It is unfortunate that too often we humans are susceptible to appeals to our emotions more so than our ability to reason. I see the same sort of problem cropping up here at Free Republic all the time.

Another technique, closely related, which has been a common tool of would-be tyrants, and is clearly very evident among those who despise traditional Southern culture--which was actually the most tolerant in the Western World--is in what I would describe as The Compulsion For Uniformity.

This is one of the techniques which they have been successfully using to marginalize inquires into the legitimacy of Barack Obama. The media set the standard and the GOPe decided that they needed to fit in with the Media narrative. Anyone questioning his legitimacy was thereafter outside of the herd.

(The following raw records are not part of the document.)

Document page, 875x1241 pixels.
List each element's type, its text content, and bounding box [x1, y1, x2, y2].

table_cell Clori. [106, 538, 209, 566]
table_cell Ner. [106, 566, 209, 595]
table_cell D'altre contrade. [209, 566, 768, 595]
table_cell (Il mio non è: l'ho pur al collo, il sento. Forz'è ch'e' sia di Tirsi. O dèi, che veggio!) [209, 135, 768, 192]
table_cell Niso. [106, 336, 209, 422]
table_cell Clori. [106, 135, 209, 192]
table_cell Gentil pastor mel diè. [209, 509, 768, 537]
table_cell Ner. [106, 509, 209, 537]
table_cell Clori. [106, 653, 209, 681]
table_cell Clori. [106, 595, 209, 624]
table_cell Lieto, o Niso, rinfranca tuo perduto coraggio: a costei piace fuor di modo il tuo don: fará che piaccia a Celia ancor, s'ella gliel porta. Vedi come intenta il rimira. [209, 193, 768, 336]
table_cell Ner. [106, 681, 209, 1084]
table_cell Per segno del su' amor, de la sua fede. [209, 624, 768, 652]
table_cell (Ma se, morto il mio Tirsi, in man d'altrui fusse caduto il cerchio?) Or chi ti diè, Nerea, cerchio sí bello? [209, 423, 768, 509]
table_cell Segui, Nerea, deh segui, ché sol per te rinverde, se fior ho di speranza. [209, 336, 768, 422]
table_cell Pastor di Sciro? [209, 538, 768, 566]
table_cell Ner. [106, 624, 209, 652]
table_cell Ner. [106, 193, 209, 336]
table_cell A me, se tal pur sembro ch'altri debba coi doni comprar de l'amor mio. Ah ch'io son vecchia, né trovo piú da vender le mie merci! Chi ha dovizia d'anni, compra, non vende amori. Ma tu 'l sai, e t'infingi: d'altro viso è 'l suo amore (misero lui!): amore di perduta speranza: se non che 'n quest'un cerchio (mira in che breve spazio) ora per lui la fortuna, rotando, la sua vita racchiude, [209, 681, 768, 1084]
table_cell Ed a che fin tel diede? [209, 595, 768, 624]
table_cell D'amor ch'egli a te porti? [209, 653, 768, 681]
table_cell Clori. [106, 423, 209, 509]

I have been fighting these techniques since graduating from High School, and deliberately enrolling in an historically egalitarian oriented college, which was famous for promoting hatred of the Old South, since its founding in the 1830s.

I think this goes right to the characteristics of human nature. These techniques work because they prey on the more primitive aspects of people. They work on the reptile brain level.

These things you describe, my and several of my friends have taken to calling "Monkey logic." This appellation is based on the study with monkey's cucumbers and grapes. We realized that the perception of unfairness is a basic human characteristic, and we also recognized there are many other similar concepts that resonate on a similar primitive level.

I have come to realize that many arguments which are considered logical fallacies, (tu quque, ad hominem, ad vericundiam, etc) are valid arguments when looked at from a "monkey logic" perspective. Even though they are logically fallacies, they are persuasive because they touch our emotions on a very basic level.

But I think you've developed a similar understanding.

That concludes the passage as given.